Бутылка, которую Вернер держал, дрогнула у него в руке. Он молча поставил её.
– По случаю банкротства отца старик Мирманн, его гимназический друг, написал очень милую статью в своём «Рундшау».
– Да, я читал.
– Папа был тронут. И попросил мою кузину отследить и вырезать всё, что писали в этой связи другие газеты. Она вырезала. Он берёт альбом, клей. Ничего дурного не ждёт. Даже слегка улыбается, как пожилая актриса, которая отыграла последний спектакль и принимает прощальные цветы. De mortuis nil nisi bene[5]5
О мёртвых ничего, кроме хорошего (лат.).
[Закрыть] – моему отцу казалось, что все знают, как это переводится. Раз уж даже я знаю. И вдруг… Ты бы видел, как он изменился в лице. «„Культурный“ еврей Оппнер распрощался со своей ростовщической лавочкой! Бандит и сутенёр обезврежен!» – и так далее. Нацистская газетёнка облила помоями всех: и отца, и его друзей из числа «ожидовевшей» немецкой знати, и наших родственников Эффингеров. Даже мне досталось. Но вишенка на торте – история с Вандой Пшебышевской – «невинной арийской девушкой», которую отец якобы погубил. Наверняка за этим журналистским шедевром тоже Хартерт стоит. Кроме него, никто не знал. Он вечно грел уши под нашими дверями.
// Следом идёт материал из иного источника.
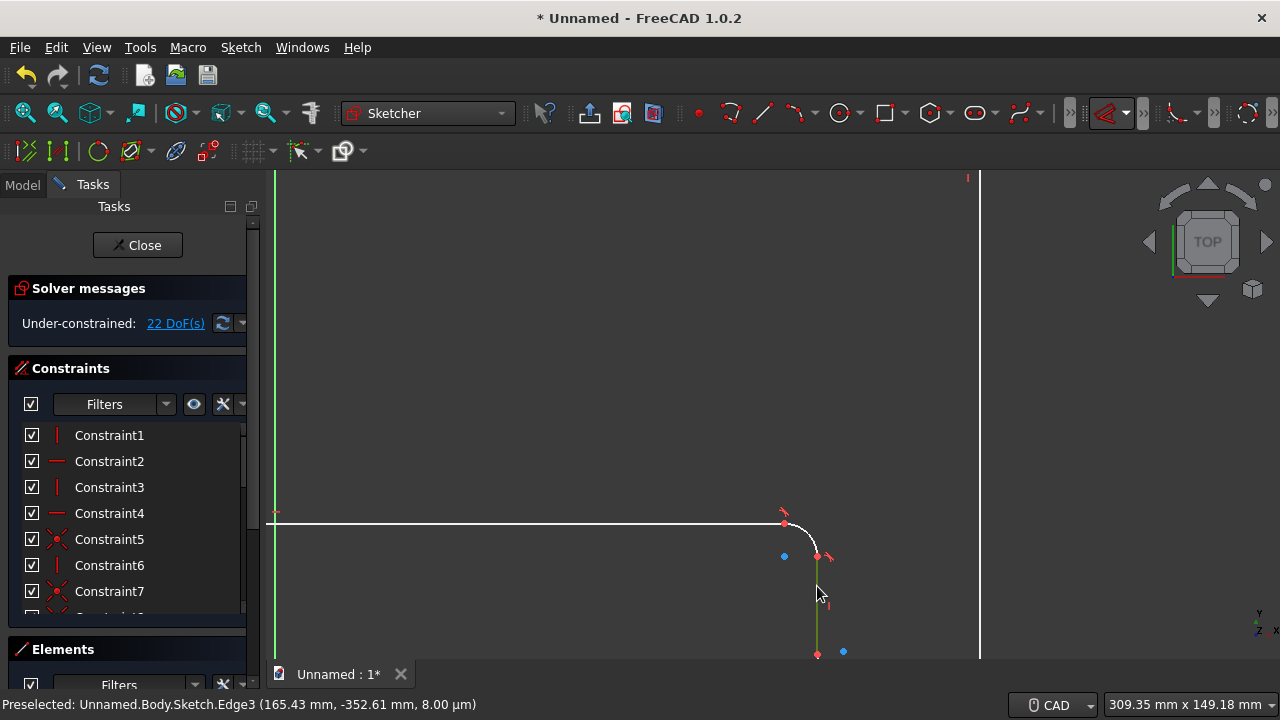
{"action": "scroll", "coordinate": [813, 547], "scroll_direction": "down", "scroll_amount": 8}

– А что за Ванда, если не секрет?
– Теперь уже нет. Отцу было девятнадцать, когда он сдуру чуть не женился на проститутке. Девица заметно охладела к нему, как только выяснилось, что в случае женитьбы на ней семья не захочет его знать. Тогда она получила неплохую компенсацию и спокойно вышла замуж за другого. Беременная неизвестно от кого. Совсем не факт, что от моего отца.
– То есть ты, возможно, не единственный его ребёнок?
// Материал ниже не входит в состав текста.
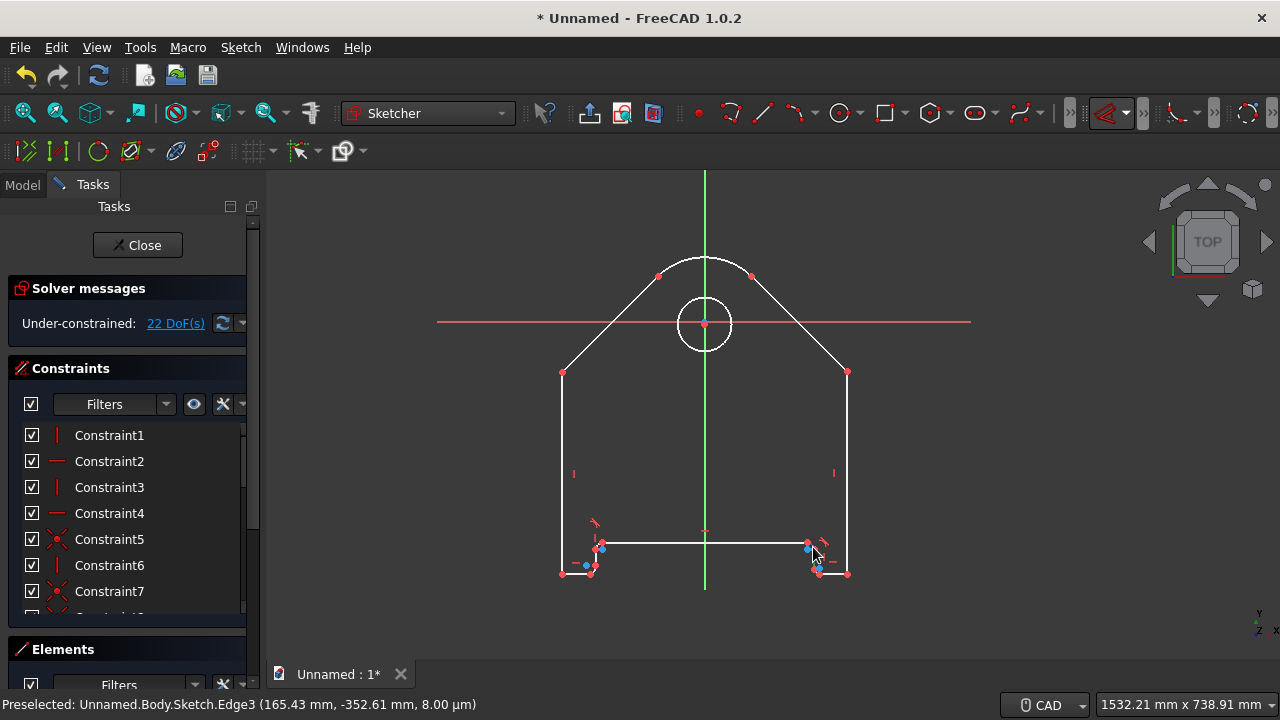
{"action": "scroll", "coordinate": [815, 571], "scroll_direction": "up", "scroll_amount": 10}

– Я вообще не уверен, что я его. Ему всю жизнь чудовищно не везло с женщинами: моя мать в итоге оказалась не лучше Ванды Пшебышевской.
– Ты сейчас просто очень зол на неё, и это можно понять, если в нынешней ситуации она тебя никак не поддерживает.
– Отец писал ей, намекал, что мне сейчас не мешало бы у неё погостить. Приглашения не последовало. Папа не говорил мне про то письмо, но я знаю. Да, конечно, я его сын и не жалею об этом. Даже сейчас. Но что я у него не единственный – это точно. У меня был брат, который родился ненормальным. Как только появился я, его отдали в соответствующее учреждение. Вообще, надо сказать, чадолюбие в нашей семье носит несколько селекционный характер. Я даже не знаю, любит ли отец меня как меня или как свою единственную относительно удачную попытку. Хотя для большинства родственников я тоже производственный брак.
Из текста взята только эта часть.